» WHAT THE TASK ASKS
Starting at the line containing "if(a(i) < x) then" and ending at the line containing "Answer yes or no. Yes. Does Hot Pink have the maximum", transcribe the listing below exactly. Keep both end lines, skip the pictures, and copy nothing else.

» EXTRACTED DATA
● ● ● ● ● ● ●

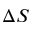<formula> <loc_0><loc_0><loc_500><loc_500>\Delta S</formula> 
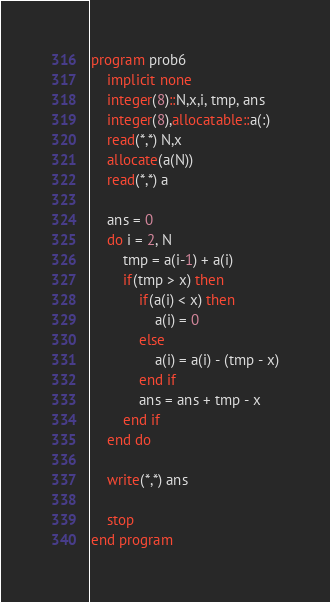<code> <loc_0><loc_0><loc_500><loc_500><_FORTRAN_>program prob6
    implicit none
    integer(8)::N,x,i, tmp, ans
    integer(8),allocatable::a(:)
    read(*,*) N,x
    allocate(a(N))
    read(*,*) a

    ans = 0
    do i = 2, N
        tmp = a(i-1) + a(i)
        if(tmp > x) then
            if(a(i) < x) then
                a(i) = 0
            else
                a(i) = a(i) - (tmp - x)
            end if
            ans = ans + tmp - x
        end if
    end do

    write(*,*) ans

    stop
end program</code> 
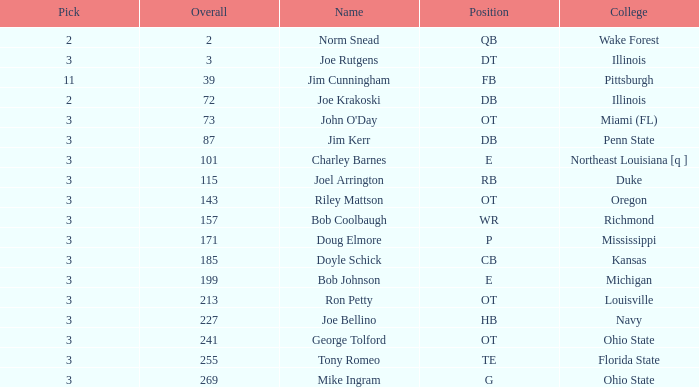How many rounds have john o'day as the name, and a pick less than 3? None. 
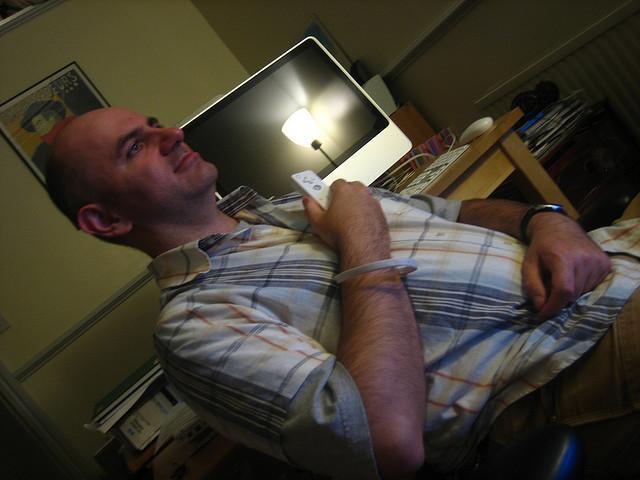How many people are in the picture?
Give a very brief answer. 1. 
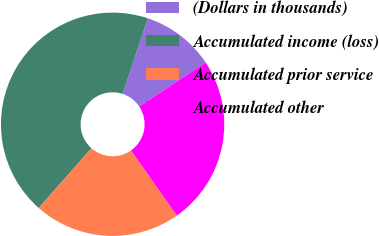Convert chart to OTSL. <chart><loc_0><loc_0><loc_500><loc_500><pie_chart><fcel>(Dollars in thousands)<fcel>Accumulated income (loss)<fcel>Accumulated prior service<fcel>Accumulated other<nl><fcel>10.57%<fcel>43.59%<fcel>21.27%<fcel>24.57%<nl></chart> 
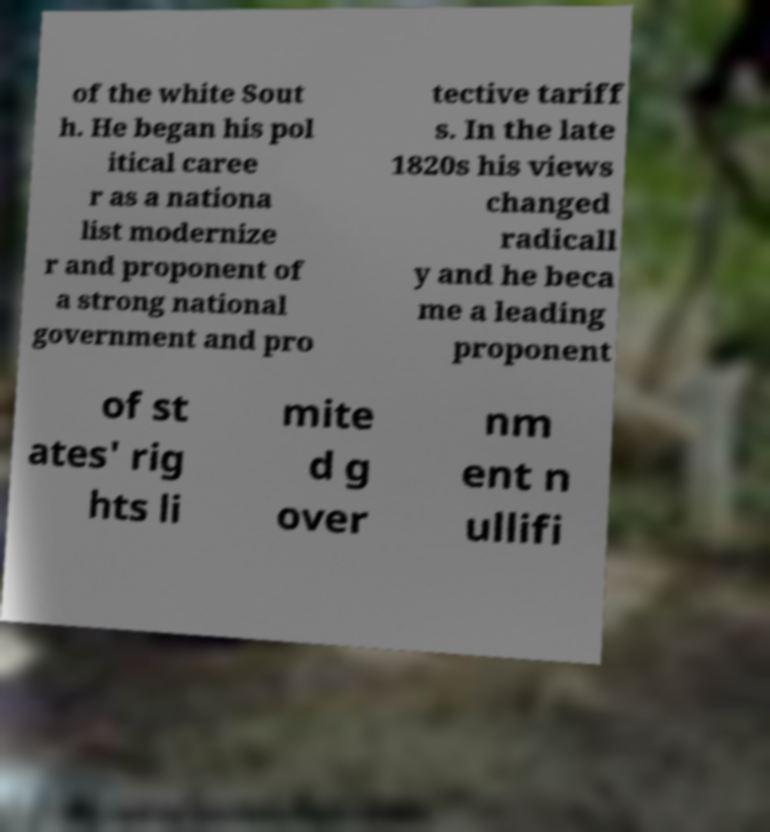Could you assist in decoding the text presented in this image and type it out clearly? of the white Sout h. He began his pol itical caree r as a nationa list modernize r and proponent of a strong national government and pro tective tariff s. In the late 1820s his views changed radicall y and he beca me a leading proponent of st ates' rig hts li mite d g over nm ent n ullifi 
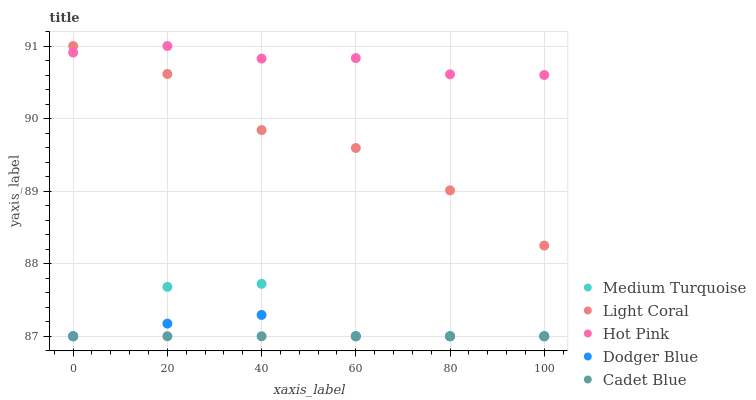Does Cadet Blue have the minimum area under the curve?
Answer yes or no. Yes. Does Hot Pink have the maximum area under the curve?
Answer yes or no. Yes. Does Hot Pink have the minimum area under the curve?
Answer yes or no. No. Does Cadet Blue have the maximum area under the curve?
Answer yes or no. No. Is Cadet Blue the smoothest?
Answer yes or no. Yes. Is Medium Turquoise the roughest?
Answer yes or no. Yes. Is Hot Pink the smoothest?
Answer yes or no. No. Is Hot Pink the roughest?
Answer yes or no. No. Does Cadet Blue have the lowest value?
Answer yes or no. Yes. Does Hot Pink have the lowest value?
Answer yes or no. No. Does Hot Pink have the highest value?
Answer yes or no. Yes. Does Cadet Blue have the highest value?
Answer yes or no. No. Is Dodger Blue less than Hot Pink?
Answer yes or no. Yes. Is Light Coral greater than Dodger Blue?
Answer yes or no. Yes. Does Medium Turquoise intersect Dodger Blue?
Answer yes or no. Yes. Is Medium Turquoise less than Dodger Blue?
Answer yes or no. No. Is Medium Turquoise greater than Dodger Blue?
Answer yes or no. No. Does Dodger Blue intersect Hot Pink?
Answer yes or no. No. 
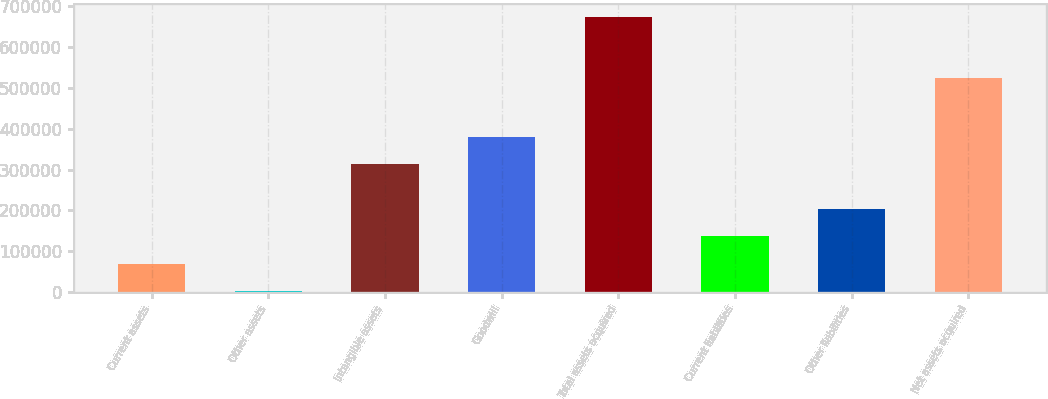<chart> <loc_0><loc_0><loc_500><loc_500><bar_chart><fcel>Current assets<fcel>Other assets<fcel>Intangible assets<fcel>Goodwill<fcel>Total assets acquired<fcel>Current liabilities<fcel>Other liabilities<fcel>Net assets acquired<nl><fcel>69899.7<fcel>2998<fcel>313600<fcel>380502<fcel>672015<fcel>136801<fcel>203703<fcel>522949<nl></chart> 
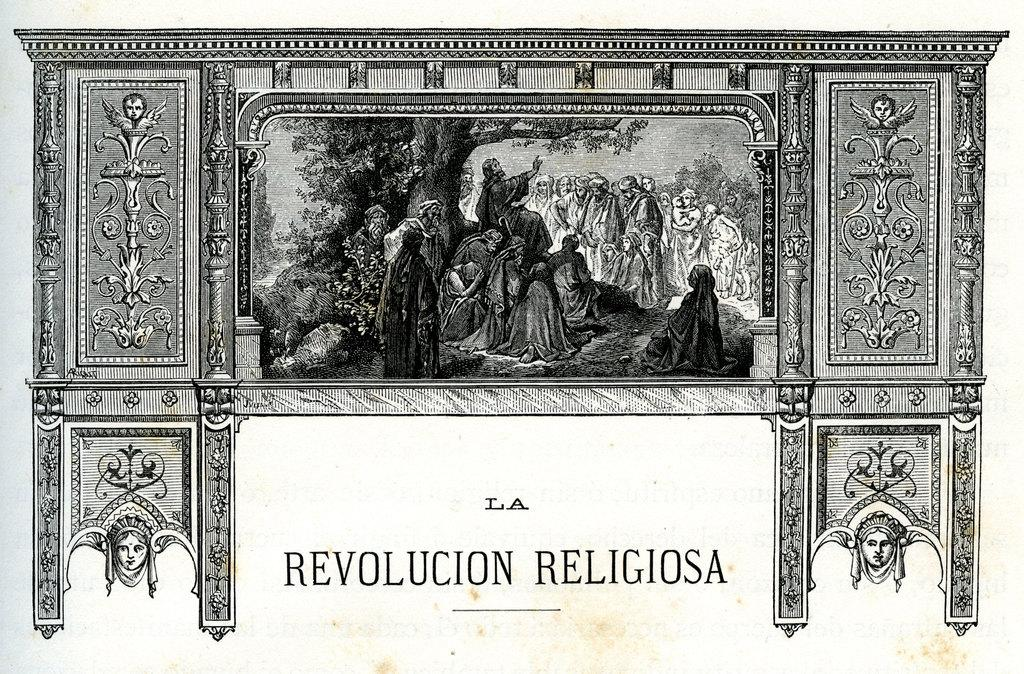What is the color scheme of the image? The image is black and white. How many people are present in the image? There are many people in the image. What type of natural elements can be seen in the image? There are trees in the image. Can you describe the borders of the image? The image has borders with designs, and there are faces in the design of the borders. Can you see a stranger's toe in the design of the borders? There is no stranger or toe present in the image, as it is a black and white image with people, trees, and designed borders. 
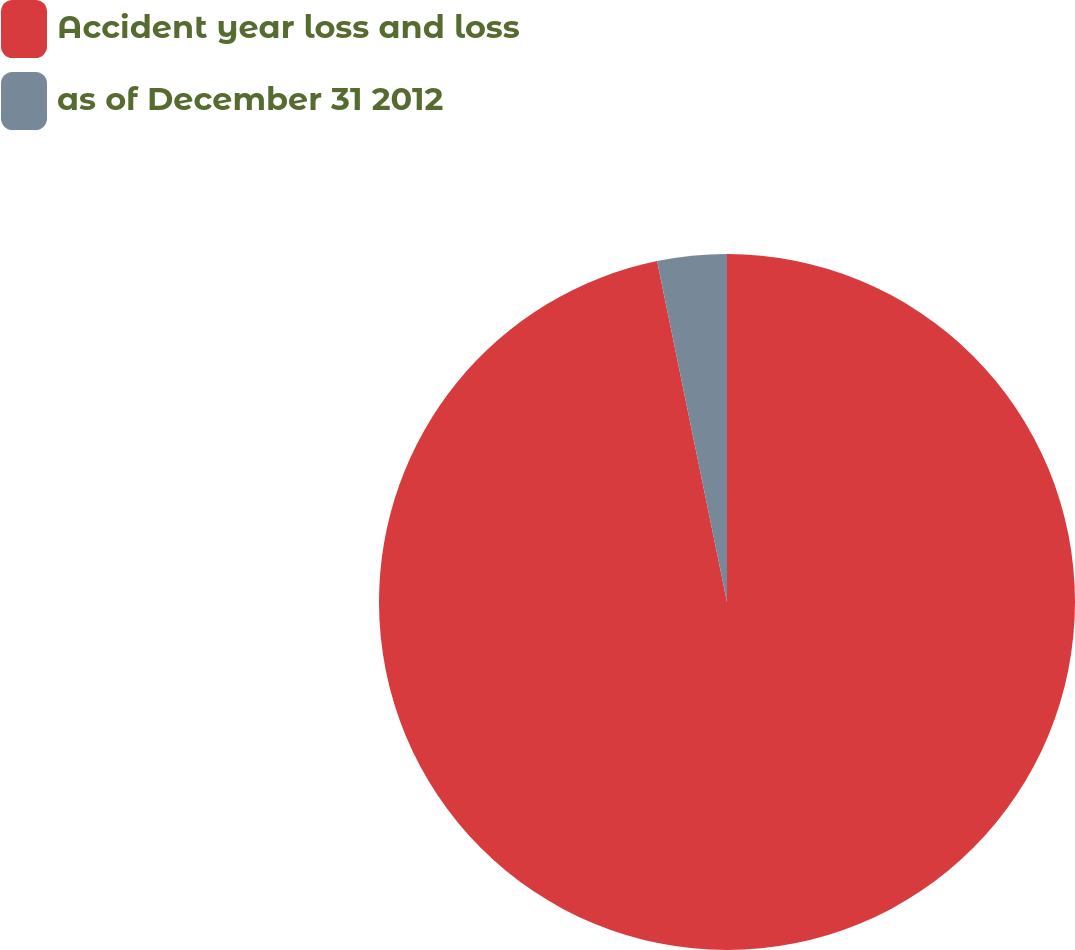Convert chart to OTSL. <chart><loc_0><loc_0><loc_500><loc_500><pie_chart><fcel>Accident year loss and loss<fcel>as of December 31 2012<nl><fcel>96.78%<fcel>3.22%<nl></chart>

● ● ● ● ● ● ●

» COMPLETED EXERCISE
            if(a(i) < x) then
                a(i) = 0
            else
                a(i) = a(i) - (tmp - x)
            end if
            ans = ans + tmp - x
        end if
    end do

    write(*,*) ans

    stop
end program</code> 
How many rounds have john o'day as the name, and a pick less than 3? None. 
How many people are in the picture?
Give a very brief answer. 1. 
Convert chart to OTSL. <chart><loc_0><loc_0><loc_500><loc_500><pie_chart><fcel>(Dollars in thousands)<fcel>Accumulated income (loss)<fcel>Accumulated prior service<fcel>Accumulated other<nl><fcel>10.57%<fcel>43.59%<fcel>21.27%<fcel>24.57%<nl></chart> 
Could you assist in decoding the text presented in this image and type it out clearly? of the white Sout h. He began his pol itical caree r as a nationa list modernize r and proponent of a strong national government and pro tective tariff s. In the late 1820s his views changed radicall y and he beca me a leading proponent of st ates' rig hts li mite d g over nm ent n ullifi 
Does Cadet Blue have the minimum area under the curve?
Answer yes or no. Yes. Does Hot Pink have the maximum area under the curve?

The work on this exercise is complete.